交雑種(F1)肥育農家で、生後10カ月過ぎの牛が3頭ほど立て続けに起立不能となり、数時間のうちに斃死するという事例に出会いました。発熱やその他臨床的な異常を示さず短時間で急死したことから生産者も驚き、関係者の緊急招集が行なわれました。

当該地区では、以前から悪性水腫や壊死性腸炎による斃死が散発していたことから、クロストリジウム感染症5種混合ワクチンを接種しており、また乳頭糞線虫対策としてポアオン製剤の使用も徹底していたことから、突然死のリスクはかなり低減されたものと考えられていただけに、生産者の衝撃は大変なものでした。
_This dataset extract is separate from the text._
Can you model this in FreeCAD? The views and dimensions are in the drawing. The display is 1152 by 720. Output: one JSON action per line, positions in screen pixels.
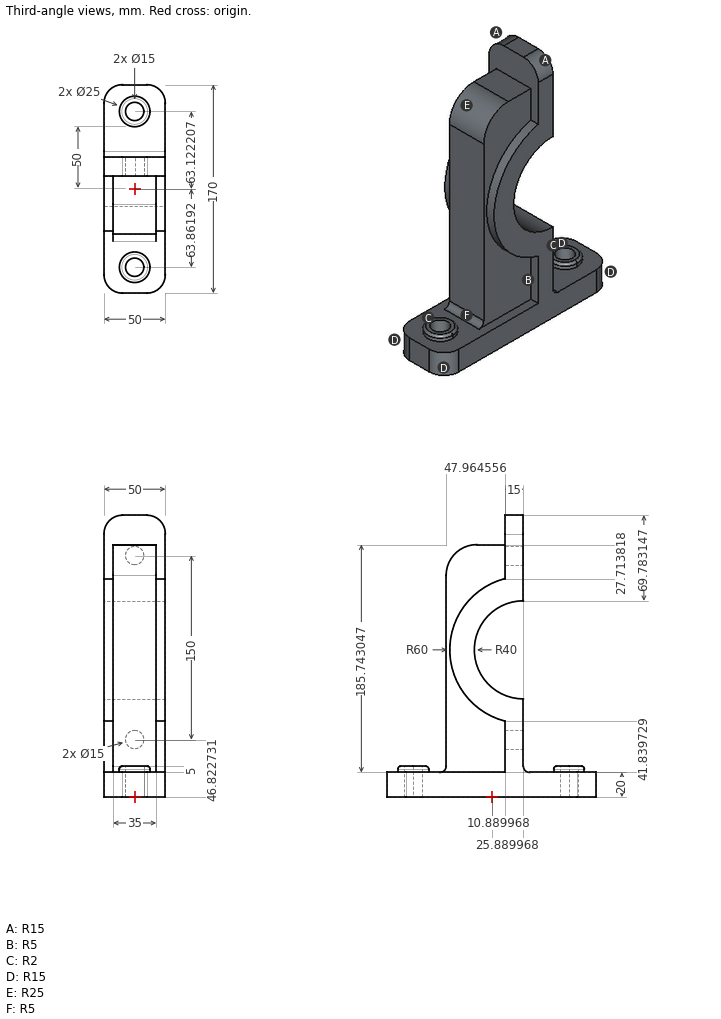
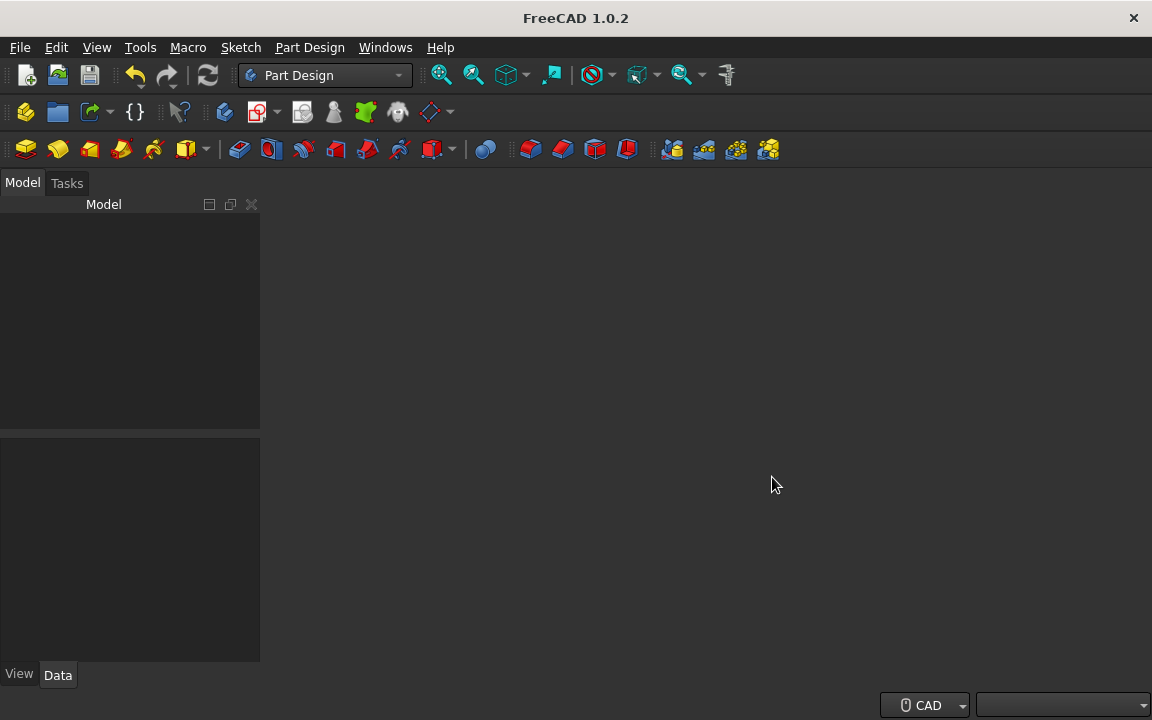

上記の各疾病以外にも突然死または急性死を引き起こす代表的なものとして、ヘモフィルス・ソムナス(現在ではHistophilus somni)感染症やビタミンB1欠乏症などがありますが、今回の事例では斃死までの症状や疫学的考察から可能性は低いと判断されました。実際に、斃死した牛の剖検所見や血清抗体検査さらに糞便検査などでは上記疾病の関与を疑わせる結果は得られませんでした。

しかし、関係者の懸命な調査の結果、今回の突然死はボツリヌス症であることが判明しました。
本症はClostridium botulinumの産生する毒素を経口的に摂取することにより発生する疾病であり、ボツリヌス毒素によりコリン作動性神経節および神経筋接合部の興奮伝達を特異的に遮断し、その結果として起立不能や筋肉の弛緩麻痺を引き起こし、斃死に至らせるものです。以前、熊本名産のカラシレンコンによるボツリヌス中毒がヒトで話題になったことがありましたが、牛においてもボツリヌス毒素で汚染されたサイレージや乾草などが原因となって発生することが報告されています。
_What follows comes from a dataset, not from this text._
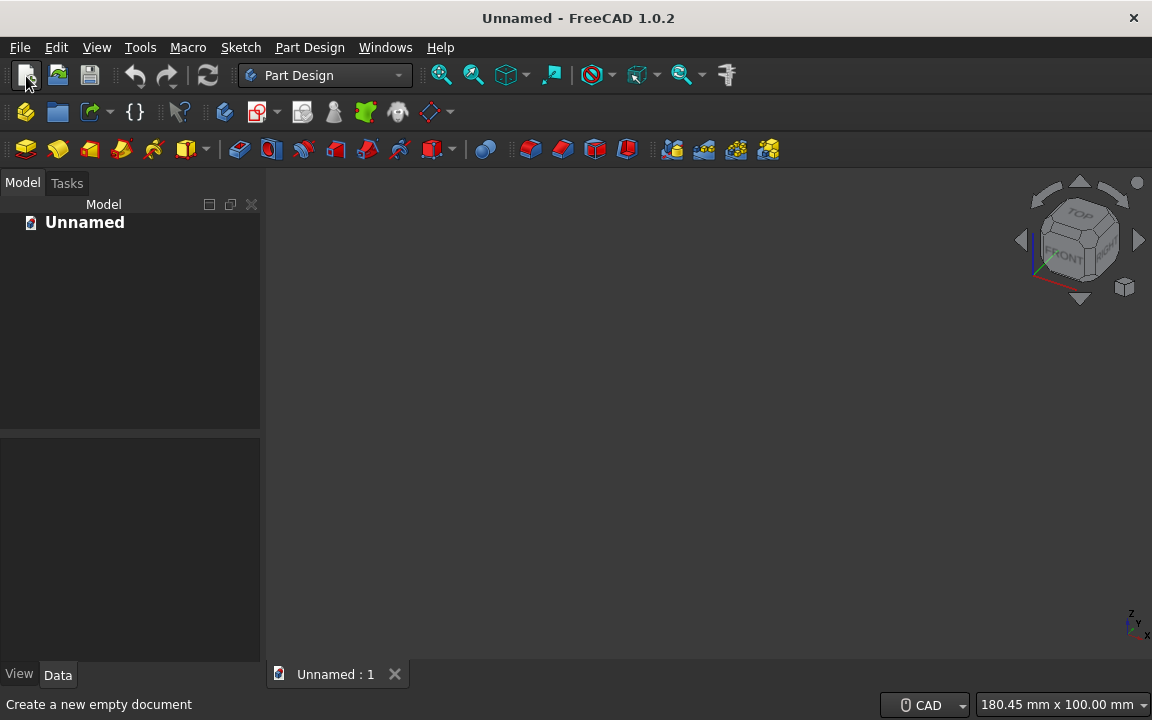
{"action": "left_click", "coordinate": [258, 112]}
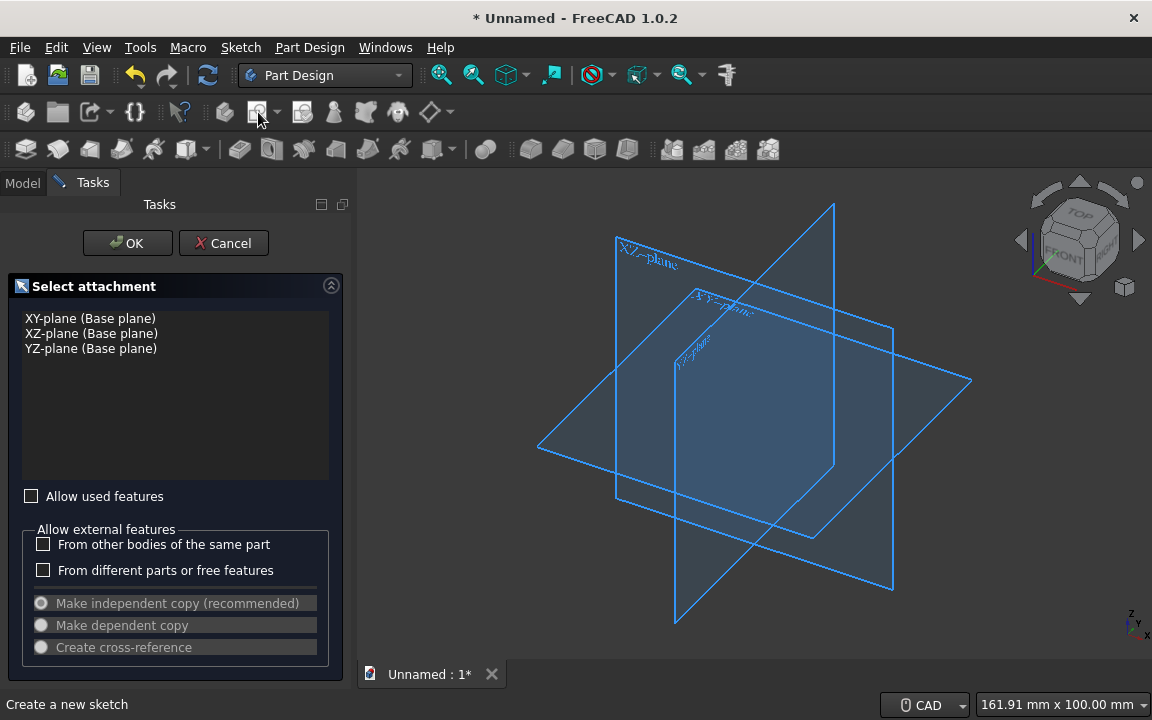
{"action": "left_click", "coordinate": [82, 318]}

残念ながらクロストリジウム属の細菌ではありますが、5種混合ワクチンでは予防できませんし、有効な治療法もありません。本菌が増殖しやすい腐敗・変敗動植物が混入した可能性のあるサイレージや乾草、あるいは高水分サイレージの給与を避けることだけが確実な予防法です。

このように、ワクチンや抗生剤の投与だけでは対処出来ない事例はたくさんあります。日常的な餌の管理方法について見直してみましょう!